# Exercise aim
Although the entries contain pictures, copy only their text, exactly as written.
- - - - - - -
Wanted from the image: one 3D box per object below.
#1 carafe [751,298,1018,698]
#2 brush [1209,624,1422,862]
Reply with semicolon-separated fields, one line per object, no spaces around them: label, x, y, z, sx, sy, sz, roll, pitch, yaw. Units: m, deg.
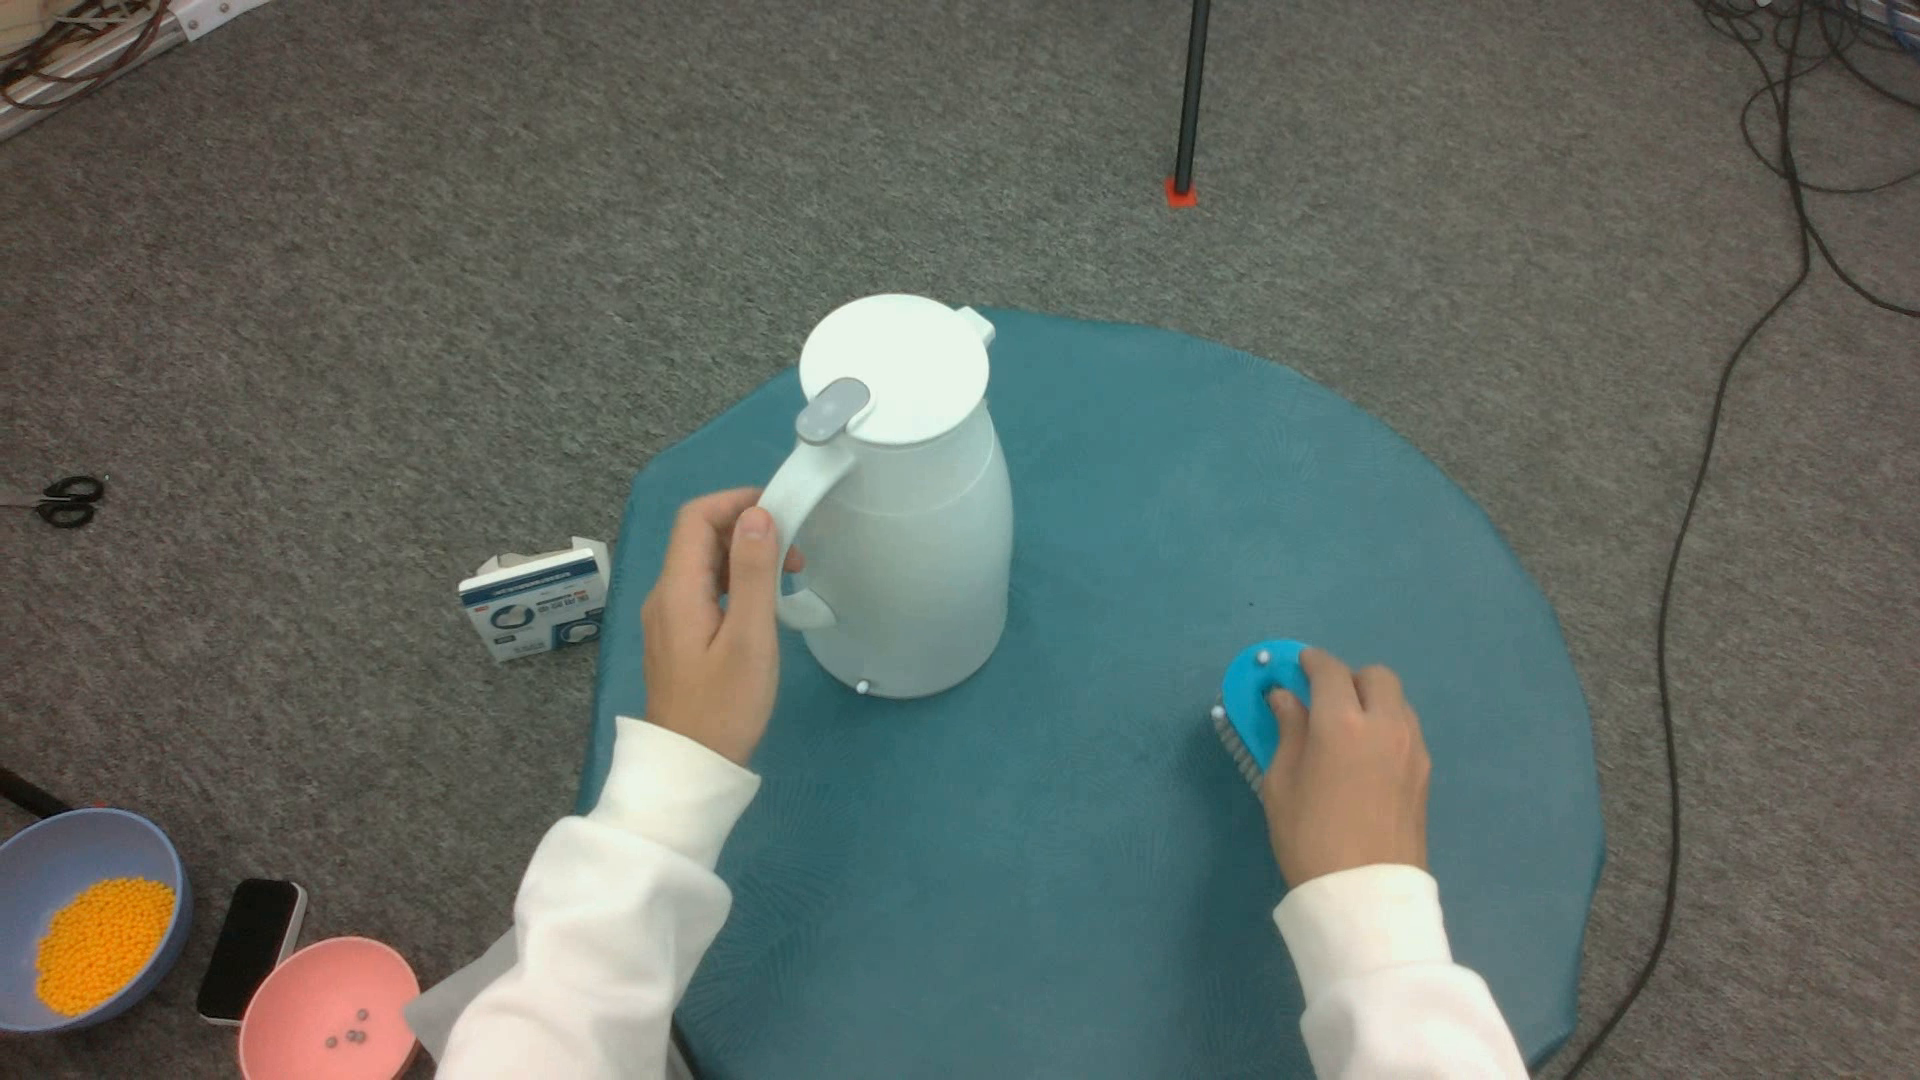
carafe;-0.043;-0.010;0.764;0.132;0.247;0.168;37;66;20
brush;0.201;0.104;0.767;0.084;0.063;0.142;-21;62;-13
- - - - - - -
# Written solution
Wanted from the image: one 3D box per object below.
#1 carafe [751,298,1018,698]
#2 brush [1209,624,1422,862]
Reply with semicolon-separated fields, one line per object, no spaces around them: label, x, y, z, sx, sy, sz, roll, pitch, yaw. Units: m, deg.
carafe;-0.043;-0.010;0.764;0.132;0.247;0.168;37;66;20
brush;0.201;0.104;0.767;0.084;0.063;0.142;-21;62;-13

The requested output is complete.